У них не было достаточно напитков, чтобы опьянеть, Тойву следил за этим. Но Скали хватило нескольких глотков подогретого вина за ужином, на котором он снова почти не ел. У него осоловели глаза, отнялись ноги и язык, как если бы он выхлебал не меньше бочонка. Лутый заметил это раньше всех и увлек его подальше от круга воинов, чтобы уложить спать.

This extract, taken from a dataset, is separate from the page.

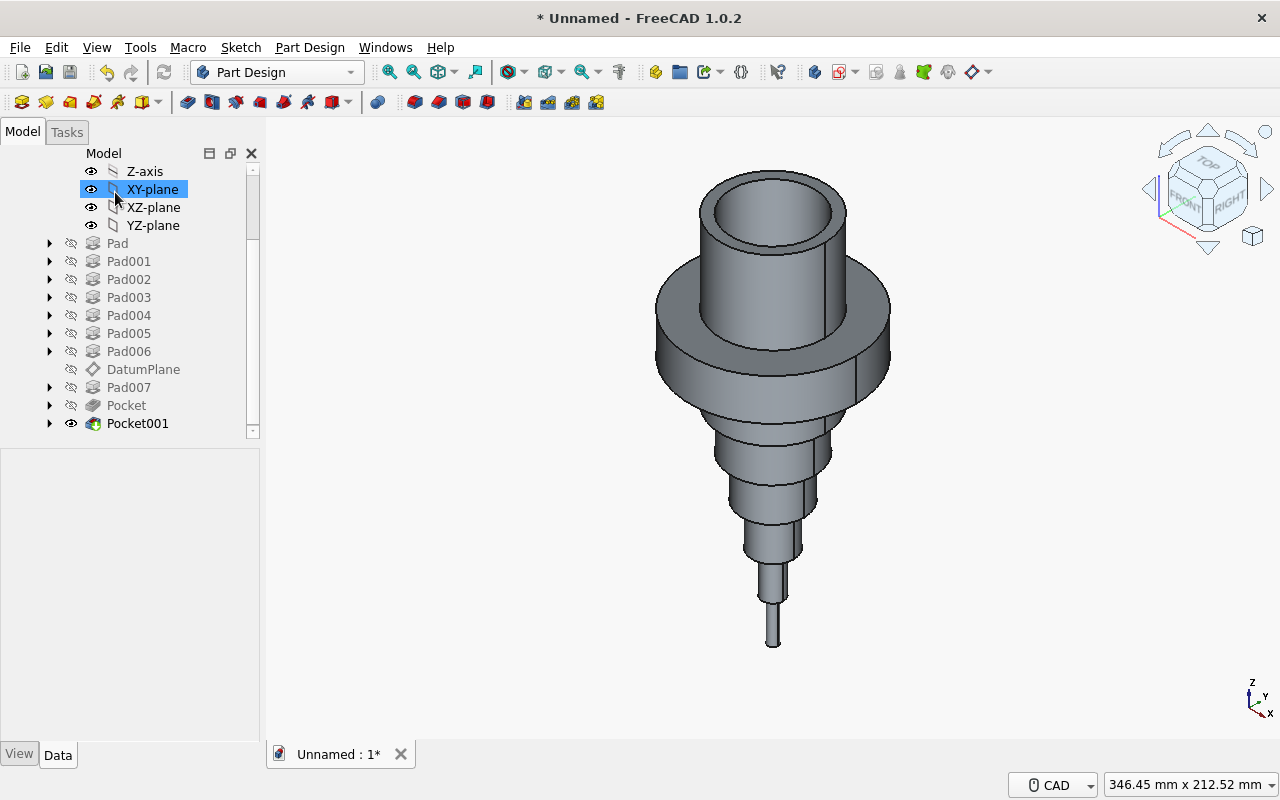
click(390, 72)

– Не пить ума не хватило, да? – процедил Лутый, перехватывая Скали покрепче, – тот норовил выскользнуть на землю. Хмель, соединившись с болезнью и недосыпом, опустошил его до неузнаваемости. Скали был совершенно беззащитный, совершенно одурманенный. Он что-то лопотал, пытался обнять Лутого за шею и засыпал прямо на ходу.
Боги, хоть бы они не встретили Тойву.
Но сердился Лутый только для виду. Его бросало в дрожь, стоило взглянуть на размякшего Скали. До чего же его выточила болезнь, как изуродовала. И дальше будет лишь страшнее: Совьон бросила, что он умрет до зимы, а воронья женщина взвешивала каждое слово.
– Лутый, – прохныкал Скали. – Лутый, поговори со мной.
В юноше боролись жалость и желание заткнуть ему рот. Кроме Тойву были еще его братья по оружию, которым вряд ли бы понравилось, что по лагерю бродит вусмерть пьяный человек.
– Подожди, – шепнул Лутый и тревожно огляделся. Они проходили мимо шатра драконьей невесты и женщин, и до их палатки было рукой подать. Лутый услышал, что из шатра доносилась музыка. Бесплотная, едва уловимая, словно воздух над предгорьем. Юноша даже не смог понять, печальная она или веселая: свирель играла бесцветно и очень тихо.
– Хватит, – пожаловался Скали, и его язык заплетался. – Убери… слишком громко. Громко. Хватит.
Лутый понял, что теперь он точно бредит. Скали даже попытался зажать уши, но юноша силой протащил его мимо шатра – краем глаза он заметил, что полог колыхнулся. Не хватало еще свидетелей. Лутый сдержанно выругался и повел шатающегося приятеля дальше.
– Не хочу слушать, – пробормотал Скали. – Громко.
И тогда Рацлава вытянула из него первую нить.